Although at times it might seem that there is no scope for dispute in a commercial transaction, Its always safer to include an arbitration clause a litigations can incur huge cost. An arbitration provision must specify how representatives will be chosen, the language in which the arbitration will be conducted, the location of the arbitration, the seat, and the applicable law. It is also necessary to state the jurisdiction of the court under which such a contract enters into force and under which the arbitration is to take place. It should be made clearer still that the arbitration board's ruling is to be accepted as final. The requirement that any party who declines to participate in such proceedings automatically forfeits their right to be heard shall be included in the clause itself.
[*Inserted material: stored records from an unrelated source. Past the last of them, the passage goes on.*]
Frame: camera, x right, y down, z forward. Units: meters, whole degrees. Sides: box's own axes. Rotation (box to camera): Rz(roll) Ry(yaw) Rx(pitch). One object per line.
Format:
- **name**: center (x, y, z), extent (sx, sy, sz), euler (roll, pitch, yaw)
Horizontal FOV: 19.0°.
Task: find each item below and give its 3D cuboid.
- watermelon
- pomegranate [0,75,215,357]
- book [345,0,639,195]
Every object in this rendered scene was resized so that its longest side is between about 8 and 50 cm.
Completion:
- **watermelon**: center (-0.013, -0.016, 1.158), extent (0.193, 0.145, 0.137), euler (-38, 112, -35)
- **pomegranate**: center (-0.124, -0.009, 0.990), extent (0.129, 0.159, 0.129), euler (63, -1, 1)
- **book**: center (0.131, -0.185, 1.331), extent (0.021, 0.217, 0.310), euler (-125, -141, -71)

  • Failure to include provision for defaults, termination, life span of the contract

Occasionally, businesses are hesitant to bring up issues like defaults, opportunities for cure, and termination for fear that doing so will make their business partners reconsider signing the contract. However, these kinds of clauses are crucial for encouraging performance and preventing lawsuits. Parties who may otherwise litigate are compelled to try to resolve their disputes if notice of potential breaches and opportunity to cure are required Contracts should also specify how long an agreement will be in effect for, as well as how and when it may be renewed or terminated. It is frequently preferable to have an early termination clause so that there is a way out should unfavorable events arise.


Conclusion

In a commercial contract both the parties try to protect their interest and make the other accountable. Its splendid how a simple legal instrument ensure that all the transactions in the world run smoothly. However, for this vessel to stay afloat and to serve its true purpose it becomes imperative to understand the needs and scope of the agreement. The nature of commercial contracts depends on nature of the transaction. Further, irrespective of the transaction there are certain clauses a commercial contract must include. As discussed in the aforementioned text, these clauses protect the parties when things go south. Lastly, one must avoid common errors which might as well give someone the opportunity to escape its liability or incur heavy cost on the party.